Pope arrival in Cartagena off to bumpy start with black eye

Pope Francis wrapped up his Colombia trip with a deeply personal final day Sunday honoring St. Peter Claver, a fellow Jesuit who ministered to thousands of African slaves who passed through the port of Cartagena during Spanish colonial times.

His visit to Cartagena get off to a rocky start, however, when he banged his head on his popemobile, cutting his eyebrow and getting a swollen, black left eye. Francis iced his cheekbone and received a butterfly patch to cover the cut, and he continued his popemobile tour without incident.

Francis was visiting the poor San Francisco neighborhood to dedicate new homes for the homeless before paying homage to Claver at the church that bears his name in the city’s historic center.

Claver, the self-described “slave of the slaves eternally, ” has been adored by Jesuits, popes and human rights campaigners for centuries for having insisted on recognizing the dignity of slaves when others treated them as mere merchandise to be bought and sold.
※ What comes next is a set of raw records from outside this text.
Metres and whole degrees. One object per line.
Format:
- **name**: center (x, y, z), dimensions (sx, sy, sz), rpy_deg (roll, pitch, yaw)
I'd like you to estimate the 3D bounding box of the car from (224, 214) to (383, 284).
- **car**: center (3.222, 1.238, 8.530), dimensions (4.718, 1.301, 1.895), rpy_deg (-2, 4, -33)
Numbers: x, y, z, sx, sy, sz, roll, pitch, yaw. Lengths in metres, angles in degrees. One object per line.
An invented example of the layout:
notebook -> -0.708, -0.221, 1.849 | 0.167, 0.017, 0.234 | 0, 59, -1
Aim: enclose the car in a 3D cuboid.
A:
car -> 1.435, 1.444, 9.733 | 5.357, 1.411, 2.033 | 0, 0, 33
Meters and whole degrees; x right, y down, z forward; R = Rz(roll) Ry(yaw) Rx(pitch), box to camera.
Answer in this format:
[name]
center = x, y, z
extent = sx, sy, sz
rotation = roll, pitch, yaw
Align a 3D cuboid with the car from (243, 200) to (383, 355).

On the eve of his visit to Cartagena, Francis celebrated Claver’s feast day by praising the 17 th century Spanish missionary for having “understood, as a adherent of Jesus, that he could not remain indifferent to the agony of the most helpless and mistreated of his time, and that “hes to” do something to alleviate their suffering.”
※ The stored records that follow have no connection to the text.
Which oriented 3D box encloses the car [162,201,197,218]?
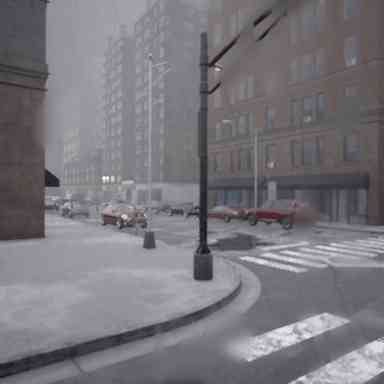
[{"bbox_3d":[-0.604,1.647,31.002,1.947,1.339,4.313,0,0,-35],"label":"car"}]

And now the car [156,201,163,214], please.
[{"bbox_3d":[-3.782,1.626,35.521,2.008,1.369,4.403,0,0,-35],"label":"car"}]

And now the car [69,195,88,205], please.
[{"bbox_3d":[-20.280,1.397,59.419,2.097,1.767,4.553,0,0,-35],"label":"car"}]

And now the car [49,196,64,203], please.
[{"bbox_3d":[-29.205,1.576,71.663,2.008,1.369,4.403,0,0,-35],"label":"car"}]

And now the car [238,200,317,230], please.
[{"bbox_3d":[5.753,1.406,21.967,2.192,1.841,5.009,0,0,-35],"label":"car"}]

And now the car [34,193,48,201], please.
[{"bbox_3d":[-38.738,1.321,85.218,2.192,1.841,5.009,0,0,-35],"label":"car"}]

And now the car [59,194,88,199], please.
[{"bbox_3d":[-18.453,1.258,51.583,2.150,2.045,5.566,0,0,-35],"label":"car"}]

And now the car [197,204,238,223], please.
[{"bbox_3d":[2.574,1.668,26.484,1.802,1.307,4.206,0,0,-35],"label":"car"}]

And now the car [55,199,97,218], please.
[{"bbox_3d":[-10.742,1.579,30.596,2.008,1.369,4.403,0,0,-35],"label":"car"}]

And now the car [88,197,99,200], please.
[{"bbox_3d":[-16.244,1.556,53.736,1.837,1.490,4.892,0,0,-35],"label":"car"}]

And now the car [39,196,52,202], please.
[{"bbox_3d":[-35.561,1.578,80.699,1.947,1.339,4.313,0,0,-35],"label":"car"}]

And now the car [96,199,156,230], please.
[{"bbox_3d":[-4.384,1.479,21.558,1.967,1.590,4.097,0,0,-35],"label":"car"}]

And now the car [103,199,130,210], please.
[{"bbox_3d":[-10.138,1.629,44.556,1.947,1.339,4.313,0,0,-35],"label":"car"}]

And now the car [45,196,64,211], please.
[{"bbox_3d":[-17.100,1.561,39.635,1.887,1.381,4.507,0,0,-35],"label":"car"}]

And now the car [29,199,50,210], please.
[{"bbox_3d":[-20.279,1.592,44.154,1.802,1.307,4.206,0,0,-35],"label":"car"}]

History’s first Latin American pope has similarly insisted on ministering to society’s most marginal and making them the focus of the Catholic Church’s mission. He takes special care of the homeless who live around the Vatican, attains regular phone calls to prisoners, brought a dozen Syrian refugees home with him from a Greek refugee camp, and espouses the sick, the maim and the deformed every opportunity he gets.
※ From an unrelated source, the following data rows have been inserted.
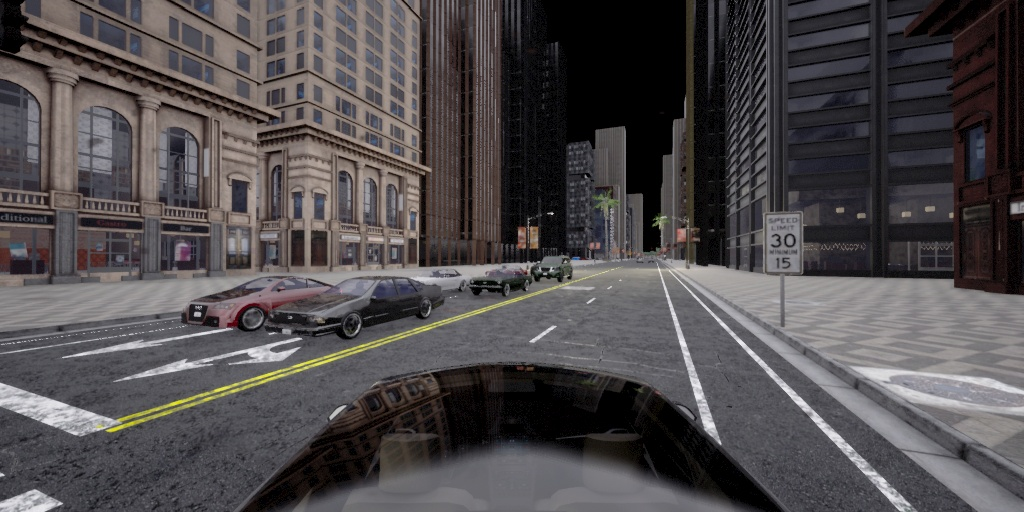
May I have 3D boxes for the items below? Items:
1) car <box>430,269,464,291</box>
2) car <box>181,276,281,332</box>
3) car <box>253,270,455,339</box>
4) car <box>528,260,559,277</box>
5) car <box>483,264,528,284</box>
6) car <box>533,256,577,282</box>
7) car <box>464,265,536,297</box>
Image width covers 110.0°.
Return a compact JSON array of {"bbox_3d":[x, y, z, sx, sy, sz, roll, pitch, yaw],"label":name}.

He is to pray at Claver’s tomb on Sunday after laying the foundation for new mansions for homeless person in Cartagena, the city famous for its UNESCO-awarded historic center but also home to slums and shanties.

Francis is likely to hold Claver up as a model for today’s Catholic Church, someone who insisted on recognizing the inherent human rights of everyone. It’s a message he referenced in Medellin on Saturday during a Mass on a rain-soaked airport tarmac that drew upward of 1 million people. Francis demanded that his church not hold fast to rigid creed but instead seek out the sinners and outcasts and welcome them in.

“My brothers, the church is not a customs post, ” Francis said. “It wants its doorways to be open.”

Francis returns to Rome from Cartagena on Sunday night, ending a five-day visit highlighted by a huge prayer of reconciliation that brought together victims of Colombia’s long-running conflict and demobilized guerrillas and paramilitary fighters.

While in Colombia, Francis refrained from making any public commentaries about the deteriorating political and humanitarian situation next door in Venezuela, though he did fulfill briefly with a delegation of Venezuelan bishops. He will most certainly be asked about it during his airborne press conference en route home.